普通のチャットAIは「こう書いてください」と教えてくれるだけ。Claude Codeは自分でファイルを開いて、書いて、保存して、動かして、エラーが出たら直すところまでやります。
この差が、使ってみると想像以上に大きい。「教えてもらう」と「やってもらう」は、まったく別の体験です。
通常のClaude(claude.ai)と何が違うのか
いちばん多い疑問なので、最初に整理します。
| Claude(claude.ai) | Claude Code | |
|---|---|---|
| ファイル | アップロード/ダウンロードのみ | 直接、読み書き・作成・削除 |
| コマンド実行 | できない | できる(テスト実行、Git操作など) |
| 進み方 | 1往復ずつの会話 | 複数の作業を自動で進めて報告 |
| 作業場所 | ブラウザの中だけ | 自分のパソコンの中 |
| エラー対応 | 自分でエラー文を貼り付ける | 自分で見つけて直す |
| 向いていること | 考える・書く・相談する | 作る・直す・動かす |
チャット版が「相談相手」だとすれば、Claude Codeは「作業を代わりにやる人」です。
使い方は7つある|ターミナルだけではありません
「黒い画面(ターミナル)を使うのが怖い」という人が多いのですが、実際には7つの使い方があります。
| 形態 | どんな人向けか |
|---|---|
| デスクトップアプリ | ★初心者はここから。普通のアプリとして使えます(Mac / Windows) |
| ターミナル(CLI) | 公式の推奨。慣れるといちばん速い |
| IDE拡張 | VS Code、JetBrains系を使っている人 |
| Web版 | claude.ai/code。ブラウザだけで動く |
| リモート操作 | 自宅のPCで動かして、外出先のブラウザから指示 |
| Slack連携 | Slackから直接タスクを投げる |
| CI/CD連携 | GitHub Actions等に組み込む(開発者向け) |
ターミナルに抵抗があるなら、デスクトップアプリを選んでください。普通のMac/Windowsアプリと同じように起動して、画面に指示を打つだけです。
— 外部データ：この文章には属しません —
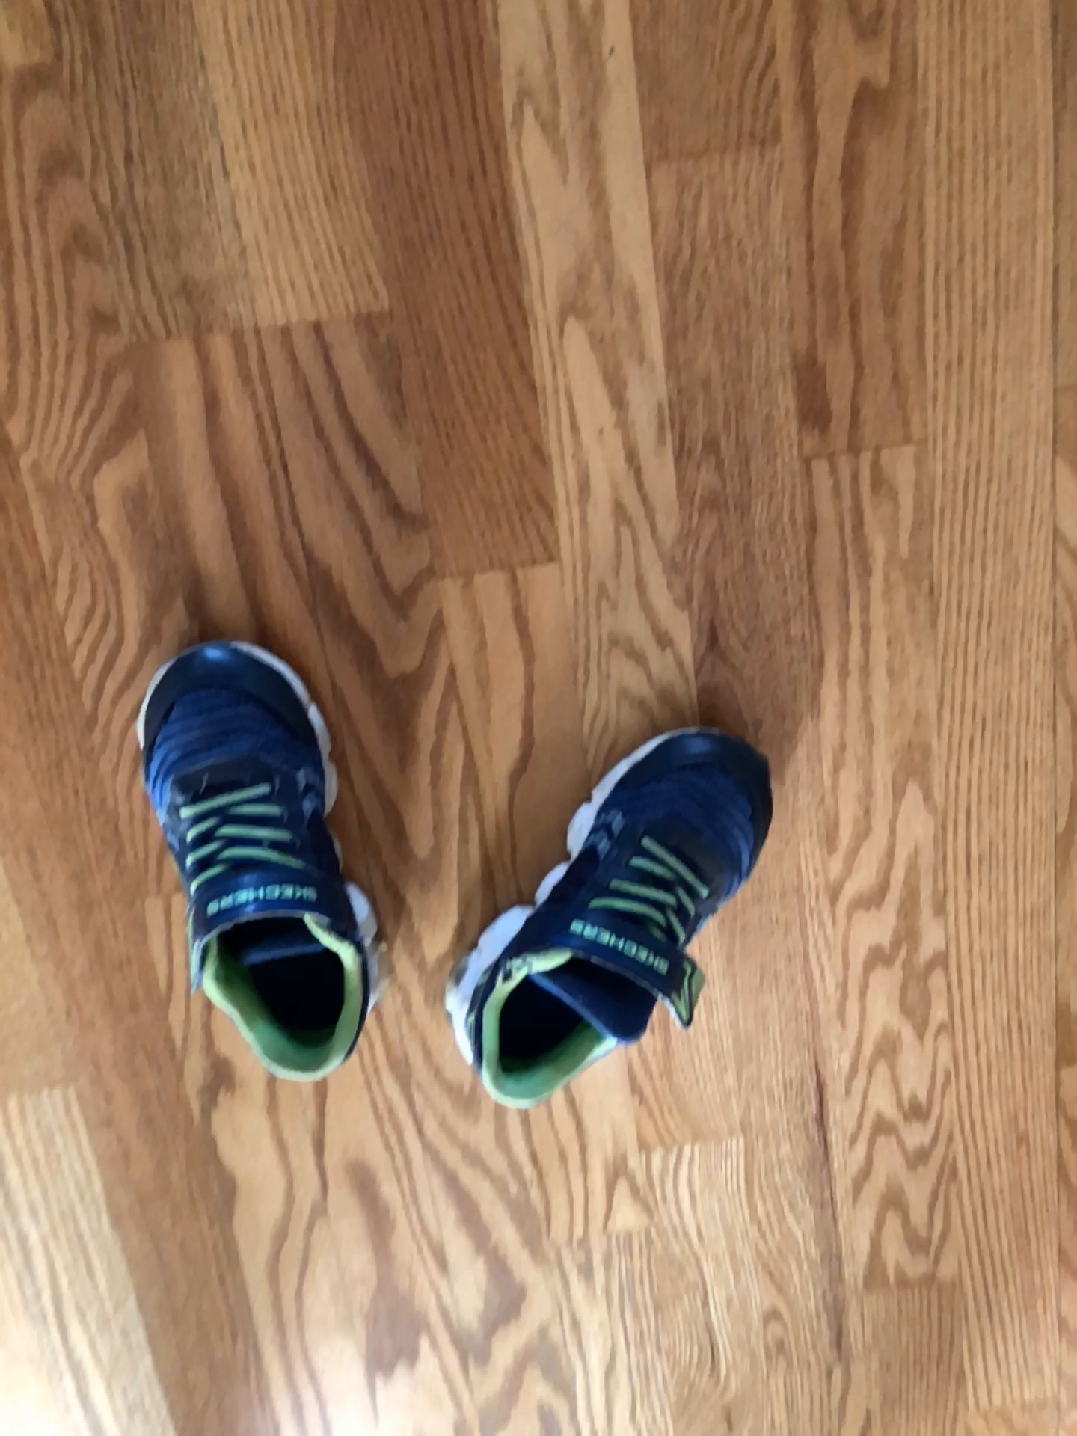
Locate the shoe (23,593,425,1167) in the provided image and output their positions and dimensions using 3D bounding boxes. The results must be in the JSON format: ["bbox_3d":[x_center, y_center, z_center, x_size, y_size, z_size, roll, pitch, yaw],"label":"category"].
[{"bbox_3d":[-0.119,0.064,0.494,0.093,0.095,0.203,-13,108,0],"label":"shoe"}]

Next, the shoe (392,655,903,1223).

機能はほぼ同じなので、「黒い画面が無理だから諦める」という理由はもうありません。
何ができるのか
基本の4つ
- ファイル操作——読み取り、編集、作成、削除、リネーム
- コマンド実行——テストの実行、サーバーの起動、各種コマンド
- Git操作——コミット、ブランチ作成、プルリクエスト作成
- Web検索・取得——調べ物、ドキュメントの取得、エラー内容の検索
拡張機能
- MCP——外部サービスとの連携(データベース、Slack、ブラウザ操作など)
- スキル——よく使う作業を`/名前`で呼び出せる形に登録できる
- フック——「ファイルを編集したら自動で整形する」といった自動処理
- サブエージェント——別の作業を並行して進めさせる
- スケジュール実行——決まった時間に自動でタスクを走らせる
プログラマーでない人に何ができるか|実際に作ったもの
ここが、他の解説記事とはたぶん一番違う部分です。
私はエンジニアではありません。複数の実店舗を運営していて、コードを書く仕事をしたことは一度もない。それでもClaude Codeを使って、実際に動く業務用の仕組みをいくつも作りました。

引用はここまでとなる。